363人×83社が生み出す、それぞれの生き方と働き方

大しごとーくは、実行委員長である木口屋さん(人文学部2年)の「今は“未知”である就活が一本の“道”としてイメージできるようになることを願っています」という挨拶から始まった。イベント内で実施されるプログラムは大きく2つ。メインとなるのが体育館で開催される「ミチしるべ」だ。ミチしるべでは、参加学生が実際に企業のブースに訪れ、企業側の担当者と20分間の対話を行う。形式的には就職活動の中で行われる合同企業説明会に近いが、対話の中で話される内容は合説とは大きく異なっていた。

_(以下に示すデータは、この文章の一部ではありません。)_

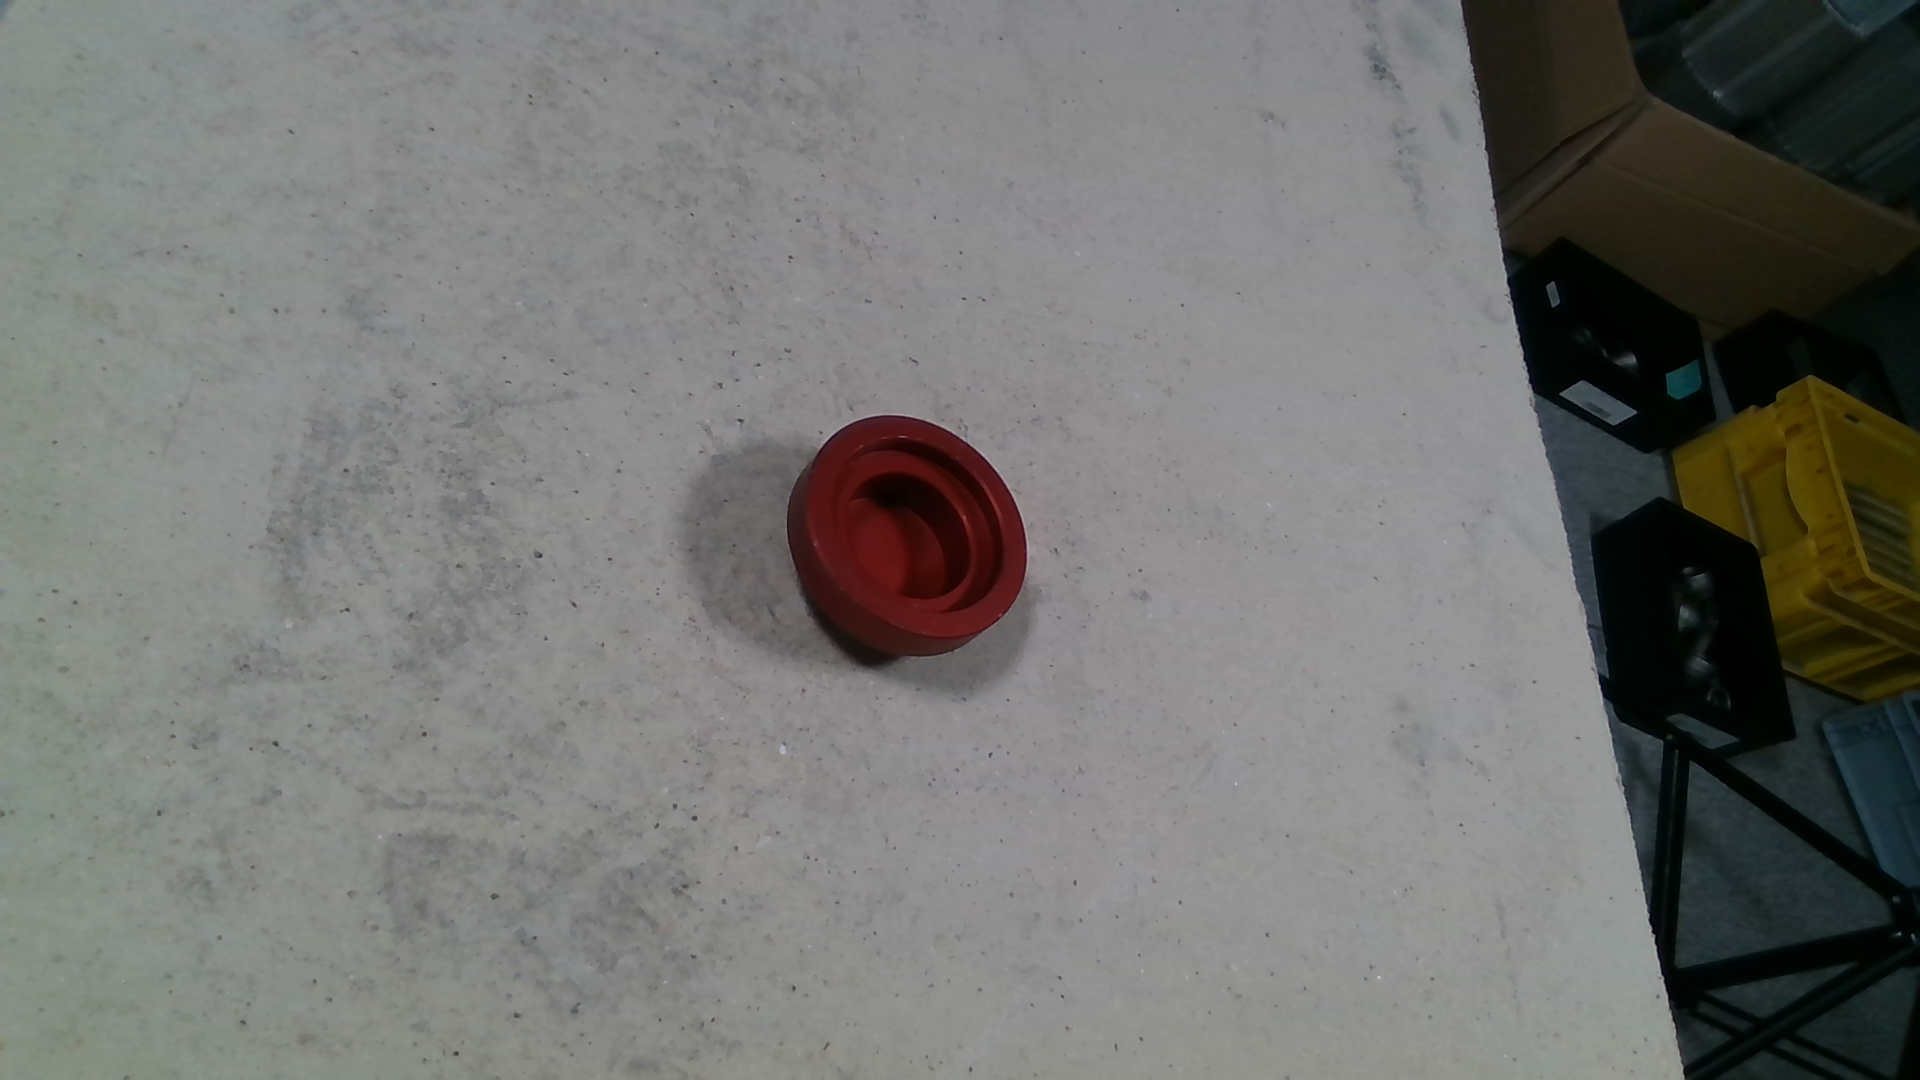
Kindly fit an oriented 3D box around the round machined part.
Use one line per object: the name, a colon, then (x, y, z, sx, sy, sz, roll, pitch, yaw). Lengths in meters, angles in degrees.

まず、企業側から自社の事業内容が説明され、続いて「自社の社員が仕事のどんなところにやりがいを感じているか」と、「社員が安心して働ける職場環境や制度」の2つについて紹介があった。続いて学生から様々な質問が飛ぶ。その会社の制度に対する質問もあれば、「学生時代にやっておいた方が良いこと」や「企業選びの基準について」など内容は様々だ。お互いに採用する/されるの関係にないため、対等に話が繰り広げられていくのが新鮮だった。

学生は1人あたり3回のミチしるべに参加することができるが、中には「どんな企業があるのかわからない」「自分の興味がわからない」という学生も多い。そのため、1回目と2回目のミチしるべでは、あらかじめランダムに割り振られた企業を訪れ、フラットな状態で対話ができるようになっていた。このあたりも、「ミチ」というテーマを設定した運営メンバーならではの工夫だ。反対に、3回目のミチしるべでは自分の好きな企業と対話することが可能で、もともと興味のあった企業を選ぶ学生や、1・2回目のミチしるべで聞いた話を参考に選ぶ学生もいた。

来場した学生たちは、受付で受け取った「ミチしるべワークシート」に企業との対話で知ったことや感じたことを書き込み、その企業のやりがいや職場環境の良し悪しを自分の中で評価できるようになっていた。また、現時点で就職先をどのような観点で決めたいと考えているかという事前チェック欄もあり、大しごとーく参加の前と後で、その基準がどのように変化したかも比較できるように工夫されていた。

もう1つのプログラムが、オンライン会場で開催された「ミチのり」だ。ミチのりには3つの企業と148人の学生が参加し、次の3つのテーマについてトークセッション形式で対話を行った。

(1)社会人の『責任』との向き合い方とは?

(2)院進か?就職か?その先に将来の自分像は描かれているか?

(3)社会に通用するコミュニケーションとは?

それぞれのテーマにはあらかじめ学べる内容(ミチのさき)が設定され、学生は自分が興味を持ったセッションに参加する形になっていた。例えば(1)のテーマでは、「学生においての責任と社会人においての責任の重さの違い」や「責任を負うことでかかるプレッシャーに耐える心の持ち方」などについて、企業側からリアリティのあるトークが繰り広げられた。

参加した学生からは、「仕事をする上での責任は、実際に仕事で失敗を積み重ねていきながら身につけていくことができると学んだ」や「これまでは責任から逃げることばかり考えていたけれど、若手のうちに失敗を経験しておくことで徐々に責任と向き合えるようになってくるとお聞きし、恐れずに様々なことにチャレンジしていくことが大事だと思えるようになった」といった感想が聞かれた。

画面越しの対話ではあったものの、1つのセッションに多くの学生が参加できたことで、対面会場とは違った盛り上がりを見せていた。